La acción que se ejercita en la demanda es la de desahucio a la que se acumula la de cobro de lo debido. Acción de desahucio que se basa en el impago de la renta actualizada, es decir en no haberse abonado las sucesivas actualizaciones. Pues bien, la desestimación de la demanda proviene de haberse pactado como cláusula de actualización la variación del índice de precios al consumo "referido a Madrid Capital", reconociéndose paladinamente, por el demandante, que la actualización no se hizo conforme a ese índice pactado ("referido a Madrid Capital"). Si bien argumenta el actor que ese índice no existe y, al no existir sería otro índice el que habría que aplicar. Aunque no tiene claro cual debe aplicarse si el referido a la Comunidad Autónoma de Madrid o el General para toda España. Todo lo cual conduce, sin mas, a la desestimación de la acción de desahucio que precisa de un incumplimiento claro patente y manifiesto por parte del arrendatario (así como de la acción acumulada de cobro de lo debido pues según el índice que se aplique la suma adeudada sería distinto, sin que, en este caso, nos conste la inexistencia del pactado y las otras alternativas al mismo). No cabe duda que la prosperabilidad de la acción de desahucio precisa de una previa aclaración del concreto criterio actualizado que debe aplicarse, para lo que tenía que haberse deducido la correspondiente acción con tal finalidad.

SEXTO.- La primera de las pretensiones deducida en el escrito de reconvención, la nulidad de los contratos de arrendamiento intitulados de instalación, obra civil, enseres y decoración, por inexistencia del objeto, tiene que ser rechazada.

En cada uno de los dos contratos de arrendamiento se describe lo arrendado y fueron firmados por la parte arrendataria que ni era menor de edad ni consta que estuviera incapacitada. Pero es que además entra en posesión de esos bienes y transcurrir 12 años sin que formule protesta alguna. Y es solo al ser demandado de desahucio por falta de pago cuando recuerda que hace 12 años no le entregaron los objetos reseñados en los contratos. Resulta inaudito. Y corresponde la prueba al que alega que lo reseñado en los contratos por él firmados no existían en su día (que no existan en la actualidad es un problema del arrendatario en esos contratos y demandado reconviniente en este juicio). Las certificaciones del Ayuntamiento nada prueban a los efectos de las relaciones jurídicas civiles objeto de este proceso. No cabe duda que han existido claras infracciones administrativas respecto a la licencia de obras y la cuantía de las mismas declarada, pero ello agota su eficacia en el ámbito administrativo del que no debe trascender.
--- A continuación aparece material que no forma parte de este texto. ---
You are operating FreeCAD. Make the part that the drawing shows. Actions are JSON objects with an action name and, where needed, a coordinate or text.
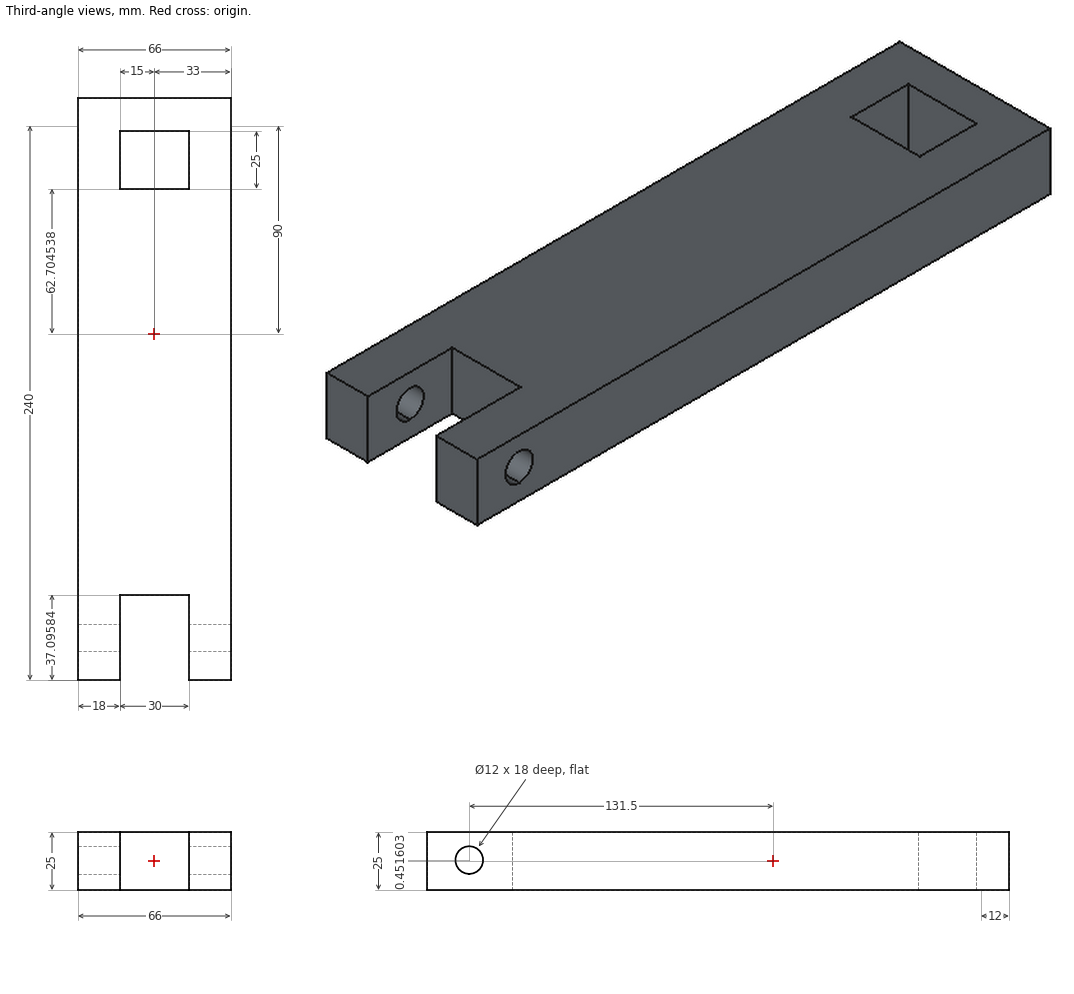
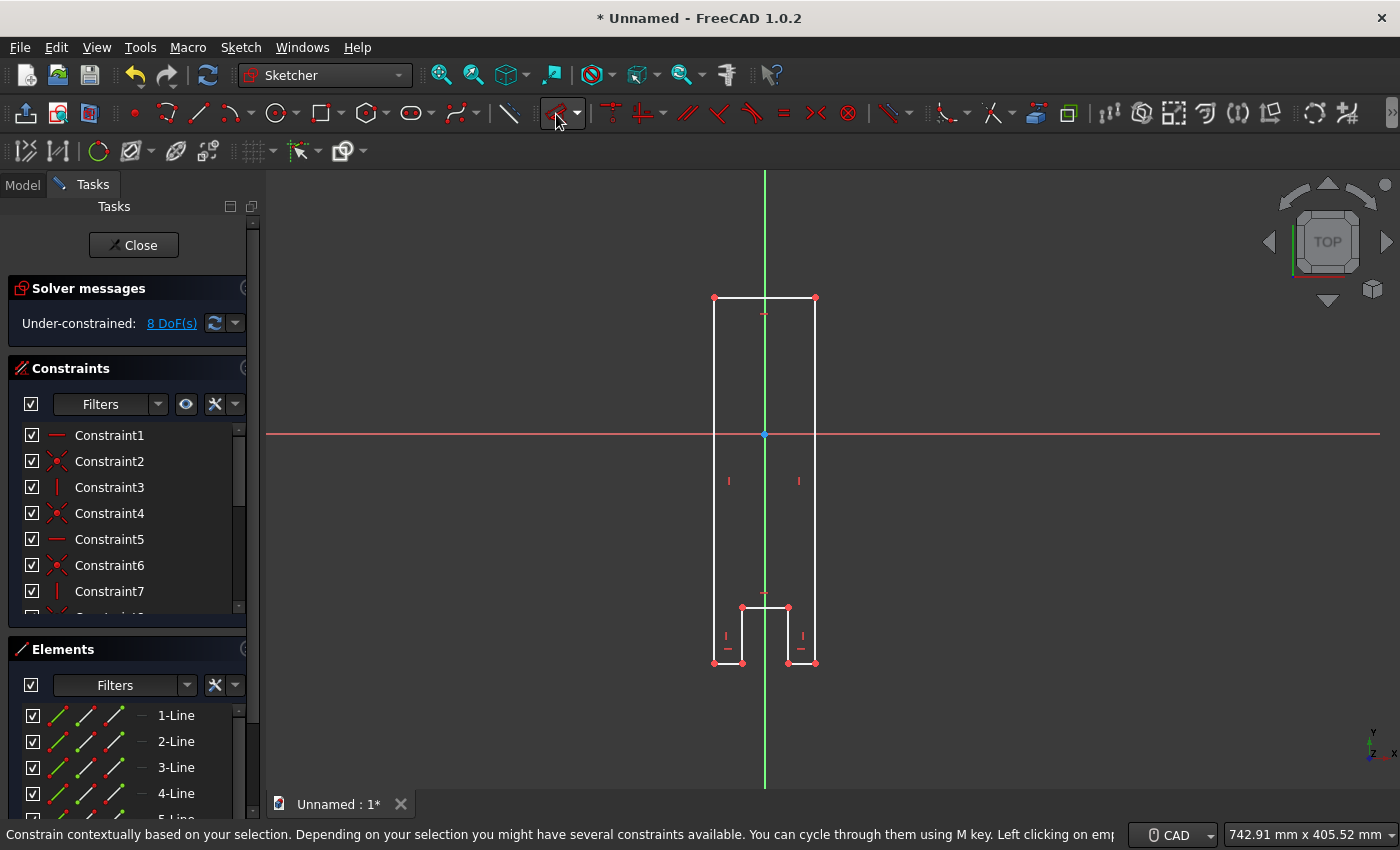
{"action": "left_click", "coordinate": [785, 298]}
{"action": "left_click", "coordinate": [741, 264]}

SEPTIMO.- La segunda de las acciones deducidas es la reconvención pretende una acomodación de la renta al valor económico de lo realmente entregado. Su rechazo debe ser categórico ya que en nuestro Derecho no rige el precio (en este caso la renta) justo sino el libremente pactado por las partes.
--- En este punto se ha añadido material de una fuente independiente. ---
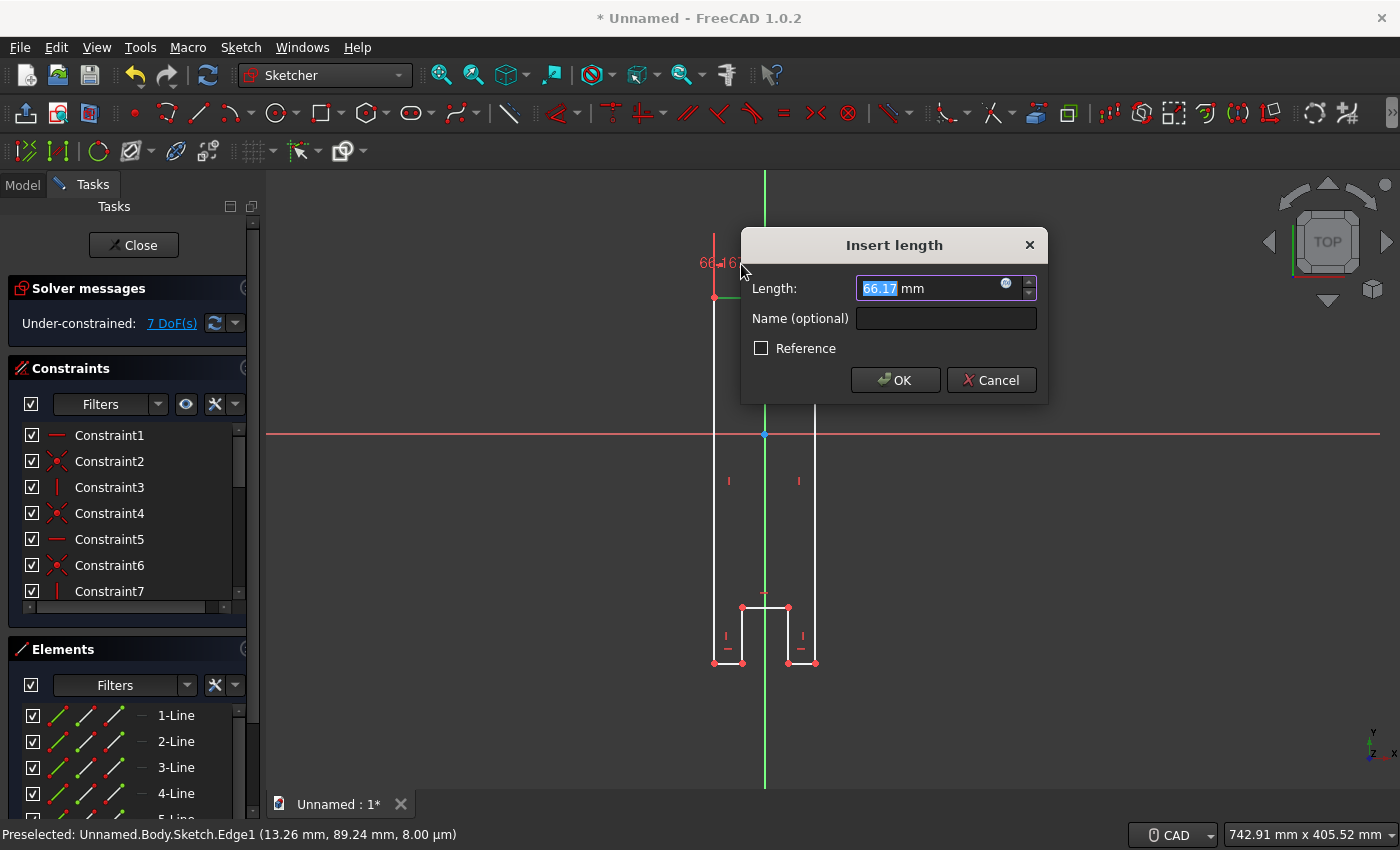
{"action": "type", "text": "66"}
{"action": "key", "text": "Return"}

OCTAVO.- La tercera de las acciones deducidas en la reconvención pretende una rebaja de la cuantía de la renta arrendaticia hasta la que se declare por el demandante a la Hacienda Pública, en base a lo dispuesto en el artículo 103 de la Ley de Arrendamiento Urbano de 1964. También procede su rechazo por lo que se dice a continuación.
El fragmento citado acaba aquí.